Building Safe, Trustworthy Driverless Cars

How safe is safe? This seemingly simple question is a topic of frequent discussion within Aptiv’s autonomous mobility division. I’m proud of Aptiv’s excellence in driverless technology—starting from our R&D roots at MIT and Carnegie Mellon, through our present-day operation in Las Vegas of the largest commercial self-driving mobility service in the world, which has provided more than 60,000 self-driving rides to passengers on the Lyft network. Despite the significant technological and commercial milestones we’ve achieved, we continue to improve our technology, processes, and operational practices to ensure that our systems are as safe as possible.

Why autonomous vehicles?

It’s worth remembering why we’ve embarked on our mission to develop fully autonomous vehicles. 1.3 million individuals lose their lives every year due to crashes around the world, and in the United States we’re experiencing a startling rise in the incidence of crashes and pedestrian fatalities. Passive safety features—which have led to reduced crash rates over the past several decades—have achieved full market penetration, and are thus unlikely to yield significant safety gains.  While active safety features are experiencing increasing adoption and promise to result in improved road safety, we at Aptiv are looking toward the next generation of technology—fully autonomous vehicles—as an opportunity to innovate in the name of saving lives.

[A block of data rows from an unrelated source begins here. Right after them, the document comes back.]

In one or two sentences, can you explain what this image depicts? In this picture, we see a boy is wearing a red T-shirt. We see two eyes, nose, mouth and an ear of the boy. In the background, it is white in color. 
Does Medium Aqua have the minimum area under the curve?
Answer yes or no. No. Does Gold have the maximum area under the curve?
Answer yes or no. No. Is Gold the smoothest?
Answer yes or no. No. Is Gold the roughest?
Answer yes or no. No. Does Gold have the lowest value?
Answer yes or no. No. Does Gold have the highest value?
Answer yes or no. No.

Leading the definition of autonomous safety
Developing and deploying autonomous vehicles is not the “race to the finish line” that has sometimes been portrayed in the media. At Aptiv, the autonomous vehicle development process is a journey, focused on building a driverless system that is safe, reliable, efficient, and economical. 
 

Developing a safe autonomous vehicle not only requires building robust technology, it requires building robust support and trust with passengers and regulators.  Achieving this trust requires several key factors: 1) Industry collaboration between autonomous vehicle technology developers; 2) Transparency between autonomous vehicle operators, regulators, and the public at large; and finally, 3) Agreement across all stakeholders on an answer to the question How safe is safe? That is, creating a consensus among major industry players on safety standards for autonomous vehicles.

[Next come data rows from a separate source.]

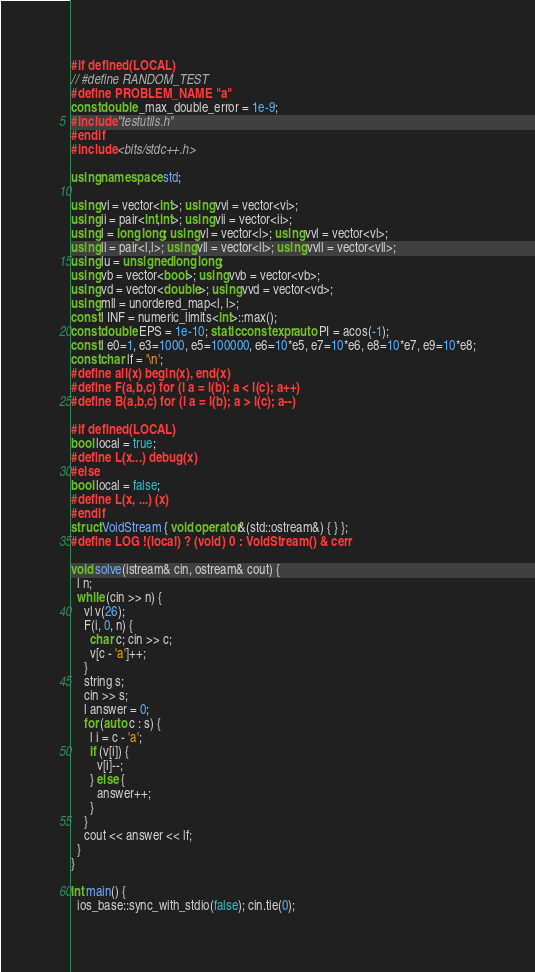Convert code to text. <code><loc_0><loc_0><loc_500><loc_500><_C++_>#if defined(LOCAL)
// #define RANDOM_TEST
#define PROBLEM_NAME "a"
const double _max_double_error = 1e-9;
#include "testutils.h"
#endif
#include <bits/stdc++.h>

using namespace std;

using vi = vector<int>; using vvi = vector<vi>;
using ii = pair<int,int>; using vii = vector<ii>;
using l = long long; using vl = vector<l>; using vvl = vector<vl>;
using ll = pair<l,l>; using vll = vector<ll>; using vvll = vector<vll>;
using lu = unsigned long long;
using vb = vector<bool>; using vvb = vector<vb>;
using vd = vector<double>; using vvd = vector<vd>;
using mll = unordered_map<l, l>;
const l INF = numeric_limits<int>::max();
const double EPS = 1e-10; static constexpr auto PI = acos(-1);
const l e0=1, e3=1000, e5=100000, e6=10*e5, e7=10*e6, e8=10*e7, e9=10*e8;
const char lf = '\n';
#define all(x) begin(x), end(x)
#define F(a,b,c) for (l a = l(b); a < l(c); a++)
#define B(a,b,c) for (l a = l(b); a > l(c); a--)

#if defined(LOCAL)
bool local = true;
#define L(x...) debug(x)
#else
bool local = false;
#define L(x, ...) (x)
#endif
struct VoidStream { void operator&(std::ostream&) { } };
#define LOG !(local) ? (void) 0 : VoidStream() & cerr

void solve(istream& cin, ostream& cout) {
  l n;
  while (cin >> n) {
    vl v(26);
    F(i, 0, n) {
      char c; cin >> c;
      v[c - 'a']++;
    }
    string s;
    cin >> s;
    l answer = 0;
    for (auto c : s) {
      l i = c - 'a';
      if (v[i]) {
        v[i]--;
      } else {
        answer++;
      }
    }
    cout << answer << lf;
  }
}

int main() {
  ios_base::sync_with_stdio(false); cin.tie(0);</code>

Safety First for Automated Driving
At Aptiv, we’re committed to leading the way toward a common definition of autonomous vehicle safety. On July 2, 2019, Aptiv was proud to co-release the first and most comprehensive blueprint for automated driving safety to date, entitled Safety First for Automated Driving (SaFAD). 
       

SaFAD is a blueprint for designing safe automated driving systems. Our Aptiv team worked alongside ten other global industry leaders, including BMW and Baidu, to publish SaFAD, which draws in decades of experience and broad expertise in automotive, mobility tech, safety, and regulation to articulate 12 guiding principles to guide development of safe autonomous vehicles. SaFAD’s 12 guiding principles are consistent with existing global regulatory guidance in the US, Germany, and China, and therefore represents a global development blueprint. The key objective of SaFAD is to enable development of autonomous vehicles, which will dramatically reduce the number of global road fatalities.

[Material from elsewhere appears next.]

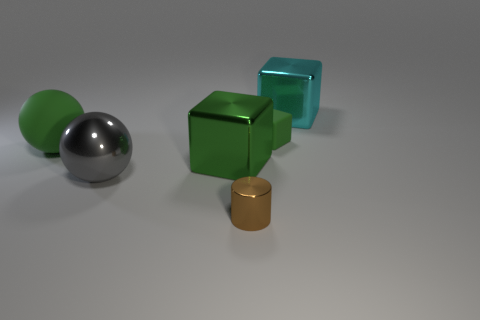How many green blocks must be subtracted to get 1 green blocks? 1 Add 1 big balls. How many objects exist? 7 Add 5 small blue spheres. How many small blue spheres exist? 5 Subtract all green balls. How many balls are left? 1 Subtract all green cubes. How many cubes are left? 1 Subtract 1 cyan blocks. How many objects are left? 5 Subtract all cylinders. How many objects are left? 5 Subtract 1 blocks. How many blocks are left? 2 Subtract all cyan spheres. Subtract all blue cubes. How many spheres are left? 2 Subtract all cyan balls. How many yellow blocks are left? 0

aptiv-white-paper-12principles-safety

The SaFAD document pairs each guiding principle against critical autonomous vehicle design capabilities. If critical autonomous vehicle capabilities can be shown to meet the 12 principles, autonomous vehicle developers can be confident that they are on the path toward creating a safe system.
 

As an example, consider the guiding principle behavior in traffic. This principle states that automated system behavior must be easy to understand and predictable for surrounding road users. It must therefore be shown that critical perception capabilities, such as sensor fusion, perform in a manner that is better than the average human driver when the automated system’s behavior in traffic—its driving behavior and interaction with external road users—is tested.

What’s next?
Autonomous driving technology has evolved at a dramatic rate over the past several years. A wide range of development methodologies have been adopted by both established companies and a growing roster of new enterprises, resulting in widely varying perspectives on safety. It’s our responsibility as an industry to come together to develop a unified definition of a safe automated system, and provide an industry-wide answer to the question: How safe is safe?
 
Aptiv’s  mission is to develop safer, greener, and more connected solutions to enable the future of mobility, and we believe in the importance of safety above all. We look forward to additional industry leaders joining our mission to collaborate on future updates of Safety First for Automated Driving.